A school committee consists of 2 teachers and 4 students. What is the number of different committees that can be formed from 5 teachers and 10 students?
(a) 10
(b) 15
(c) 2100
(d) 8

Answer 1

Hint: This is a combination problem of choosing 2 teachers and 4 students from 5 teachers and 10 students. Use the combination formula to find the number of ways of choosing 2 teachers from 5 teachers and 4 children from 10 children and multiply them to find the answer.

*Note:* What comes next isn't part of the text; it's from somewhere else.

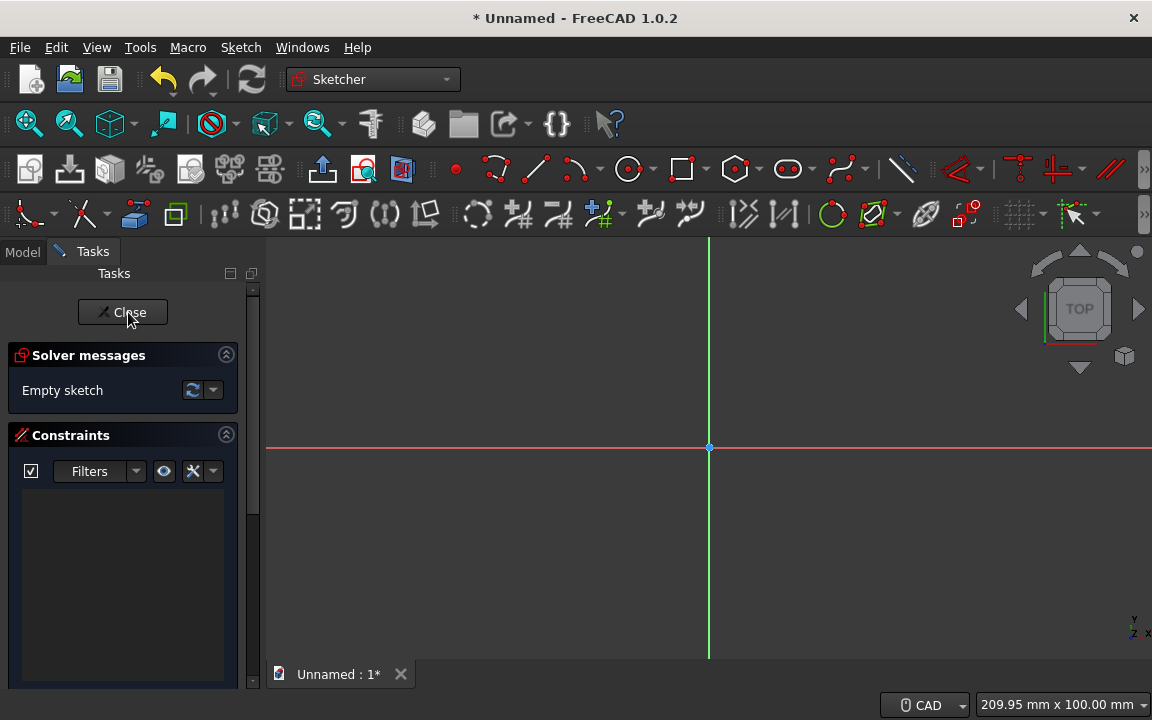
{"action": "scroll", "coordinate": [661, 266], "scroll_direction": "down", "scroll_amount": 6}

Complete step-by-step answer:
It is given that the school committee consists of 2 teachers and 4 students. The number of available teachers is 5 and the number of available students is 10.
Therefore, we need to choose 2 teachers from 5 teachers and 4 students from 10 students.
The number of ways of choosing two teachers from five teachers is ${}^5{C_2}$.
We know the formula for ${}^n{C_r}$ as follows:
${}^n{C_r} = \dfrac{{n!}}{{r!(n - r)!}}................(1)$
Calculating the value of ${}^5{C_2}$ from equation (1), we have:
$\Rightarrow$ ${}^5{C_2} = \dfrac{{5!}}{{2!(5 - 2)!}}$
Simplifying, we get:
$\Rightarrow$ ${}^5{C_2} = \dfrac{{5!}}{{2!3!}}$
$\Rightarrow$ ${}^5{C_2} = 10...........(2)$
The number of ways of choosing four students out of ten students is ${}^{10}{C_4}$.
The value of ${}^{10}{C_4}$ from equation (1) is given as follows:
$\Rightarrow$ ${}^{10}{C_4} = \dfrac{{10!}}{{4!(10 - 4)!}}$
Simplifying, we obtain as follows:
$\Rightarrow$ ${}^{10}{C_4} = \dfrac{{10!}}{{4!6!}}$
$\Rightarrow$ ${}^{10}{C_4} = 210.............(3)$
Therefore, the number of ways of choosing 2 teachers and 4 students from 5 teachers and 10 students is $\Rightarrow$ ${}^5{C_2} \times {}^{10}{C_4}$.
From equation (2) and equation (3), we have:
$\Rightarrow$ ${}^5{C_2} \times {}^{10}{C_4} = 10 \times 210$
$\Rightarrow$ ${}^5{C_2} \times {}^{10}{C_4} = 2100$
Hence, the correct answer is option (c).

Note: You can also consider it as a permutation of 5 teachers into two similar groups having 2 and 3 teachers respectively and similarly with the 10 children into two similar groups of 4 and 6 children respectively and solve the problem.